For the third embedding we have to load the  normalized count data obtained using get_normalized_expression() from scANVI model.

We generated the those matrices for each cell-type to make loading easier

**Generating one adata by merging each cell-types**

In [10]:
ctDATApath_list = glob(str(here('03_downstream_analysis/04_integration_with_annotation/results/normalized_adatas_nextflow/cellType_adata_merged/*.log1p.h5ad')))

In [11]:
ctADATA_list = []
for p in ctDATApath_list:
    print(os.path.basename(p))
    ctADATA_list.append(sc.read_h5ad(p))

T_CD4_NonNaive_adataMerged.log1p.h5ad
T_CD8_NonNaive_adataMerged.log1p.h5ad
Cycling_cells_adataMerged.log1p.h5ad
T_CD4_Naive_adataMerged.log1p.h5ad
T_CD8_Naive_adataMerged.log1p.h5ad
UTC_adataMerged.log1p.h5ad
DC_adataMerged.log1p.h5ad
Plasma_adataMerged.log1p.h5ad
ILC_adataMerged.log1p.h5ad
Mono_adataMerged.log1p.h5ad
Progenitors_adataMerged.log1p.h5ad
B_adataMerged.log1p.h5ad
pDC_adataMerged.log1p.h5ad


In [12]:
adataCTmerged = sc.concat(ctADATA_list)[adata.obs_names,:]

In [13]:
assert all(adataCTmerged.obs_names == adata.obs_names)

#### Computing PCA

In [14]:
sc.tl.pca(adataCTmerged, n_comps = 30)

  adata.obsm["X_pca"] = X_pca


In [15]:
adata.obsm['X_pca_scANVI_normalized_exp'] = adataCTmerged.obsm['X_pca'].copy()

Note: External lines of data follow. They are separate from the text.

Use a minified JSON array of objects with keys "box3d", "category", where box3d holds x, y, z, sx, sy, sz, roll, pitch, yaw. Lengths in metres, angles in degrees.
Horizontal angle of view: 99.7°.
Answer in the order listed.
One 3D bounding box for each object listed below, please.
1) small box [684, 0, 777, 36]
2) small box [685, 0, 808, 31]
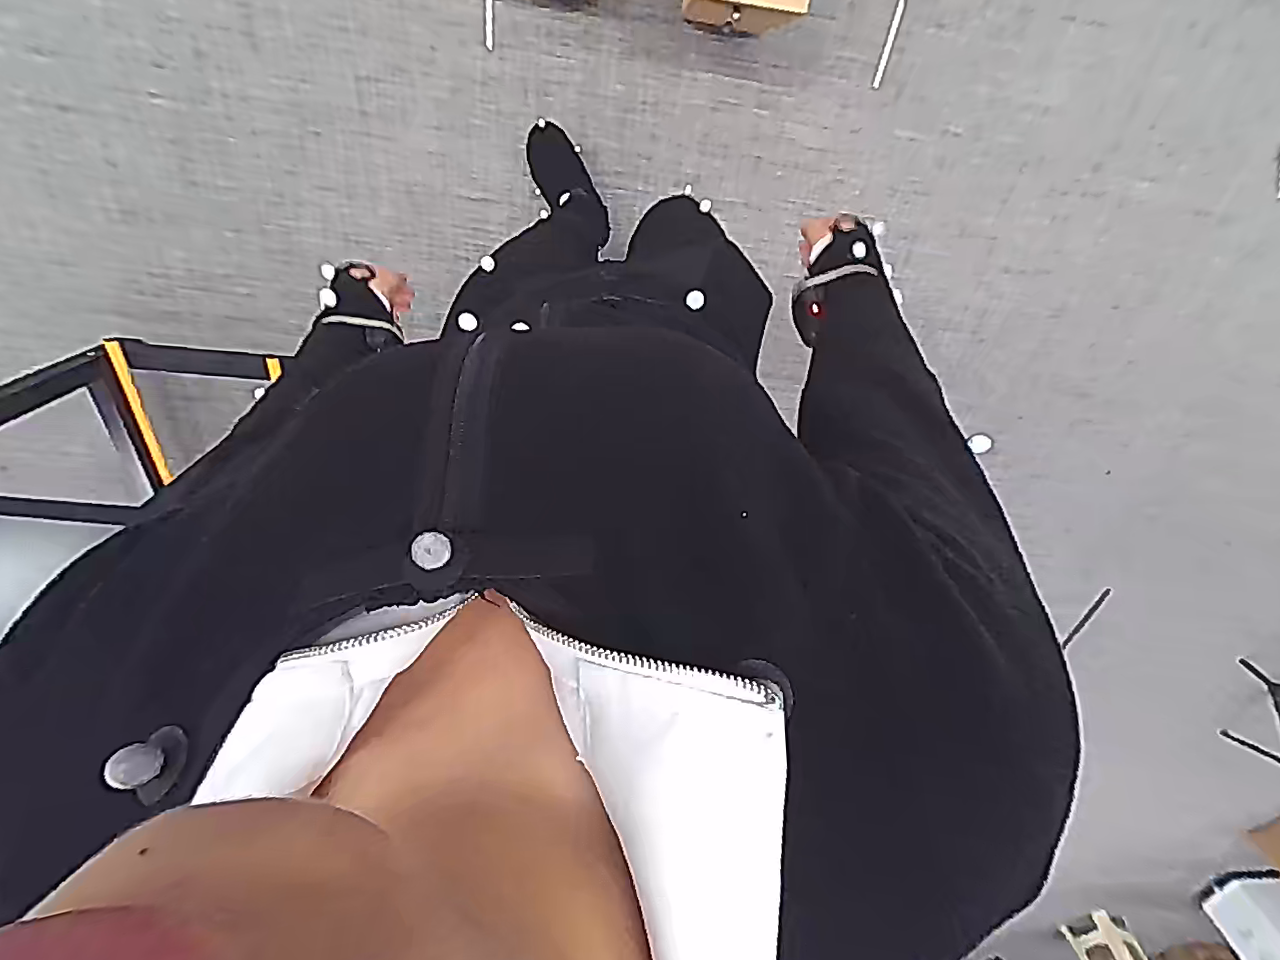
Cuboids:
[{"box3d":[0.178,-0.924,0.965,0.168,0.176,0.179,7,124,-7],"category":"small box"},{"box3d":[0.172,-0.819,0.835,0.179,0.176,0.168,5,124,-6],"category":"small box"}]
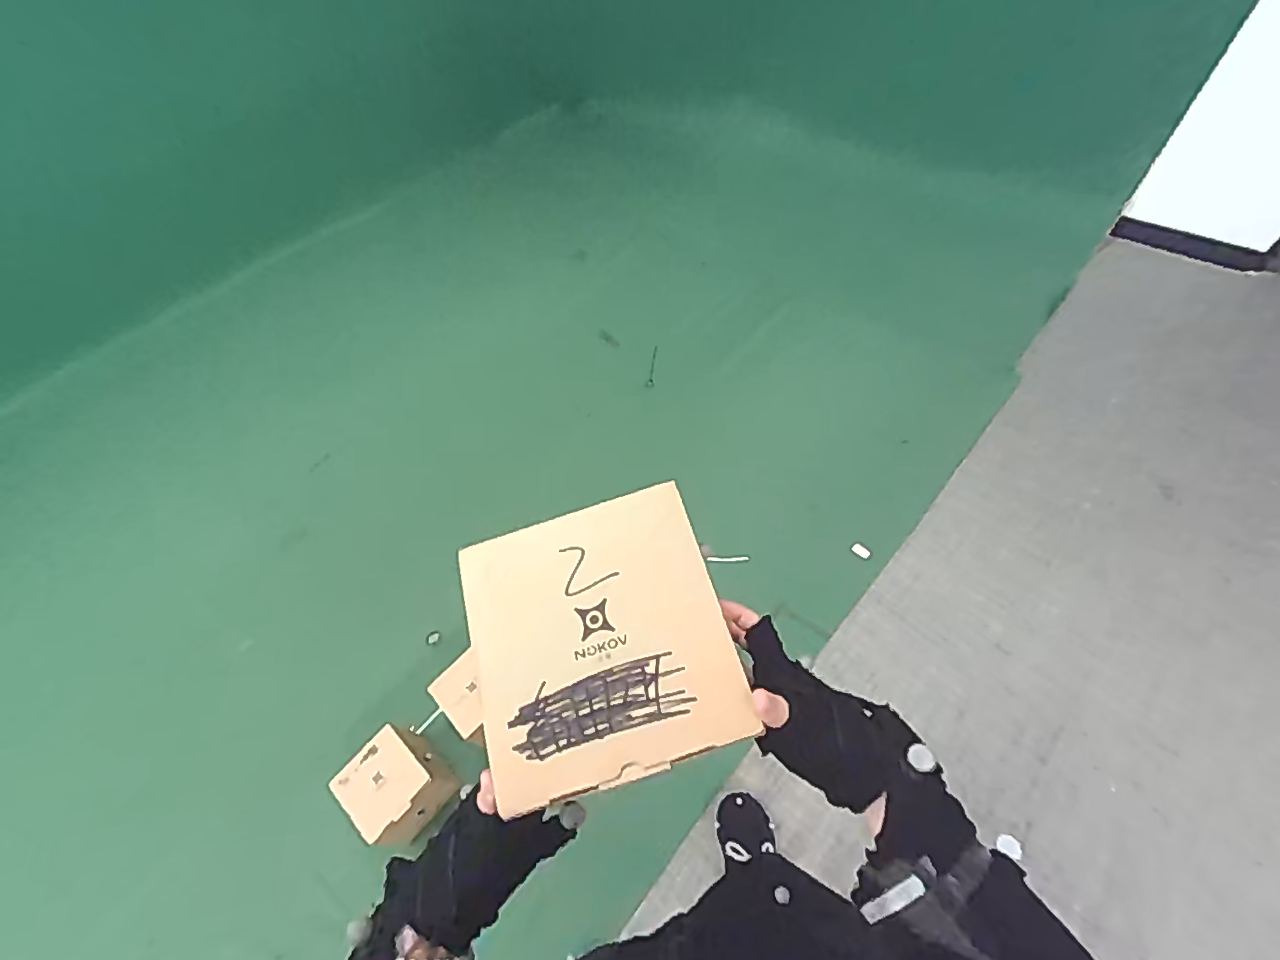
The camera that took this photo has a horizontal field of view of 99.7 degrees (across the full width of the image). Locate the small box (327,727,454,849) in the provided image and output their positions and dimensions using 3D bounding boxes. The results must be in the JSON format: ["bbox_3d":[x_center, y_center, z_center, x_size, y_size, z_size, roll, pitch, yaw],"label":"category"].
[{"bbox_3d":[-0.563,0.704,1.243,0.179,0.176,0.168,34,67,24],"label":"small box"}]

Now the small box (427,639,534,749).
[{"bbox_3d":[-0.382,0.530,1.334,0.168,0.176,0.179,38,69,27],"label":"small box"}]
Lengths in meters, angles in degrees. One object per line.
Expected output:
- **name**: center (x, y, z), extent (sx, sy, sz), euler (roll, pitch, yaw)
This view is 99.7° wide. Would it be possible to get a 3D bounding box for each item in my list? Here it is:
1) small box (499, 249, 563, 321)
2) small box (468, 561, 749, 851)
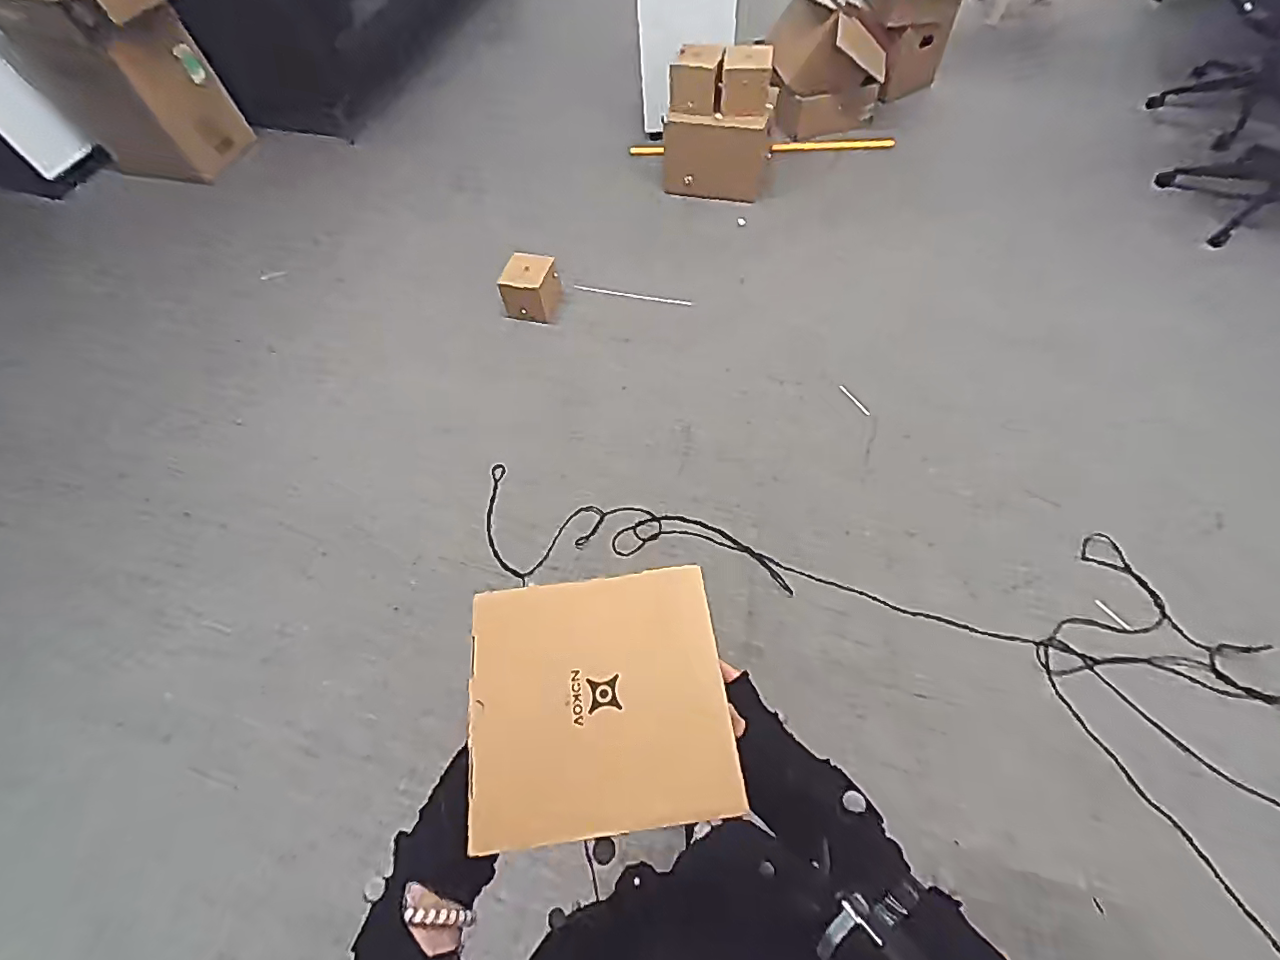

### scGen latent dimension

**Load adata with corrected latent and PCs**

In [3]:
scGen_emb_adata = sc.read_h5ad(here('03_downstream_analysis/04_integration_with_annotation/results/02_scGen_corr_latent_expression_noRBCnPlat.h5ad'))
scGen_emb_adata

AnnData object with n_obs × n_vars = 4279352 × 30
    layers: 'scgen_corrected_expression_pc', 'scgen_corrected_latent'

In [4]:
scGen_emb_adata

AnnData object with n_obs × n_vars = 4279352 × 30
    layers: 'scgen_corrected_expression_pc', 'scgen_corrected_latent'

In [5]:
# Check if index of the two adata perfectly match
assert(all(scGen_emb_adata.obs_names == adata.obs_names))

In [9]:
adata.obsm['scgen_corrected_latent'] = scGen_emb_adata.layers['scgen_corrected_latent']
adata.obsm['scgen_corrected_expression_pc'] = scGen_emb_adata.layers['scgen_corrected_expression_pc']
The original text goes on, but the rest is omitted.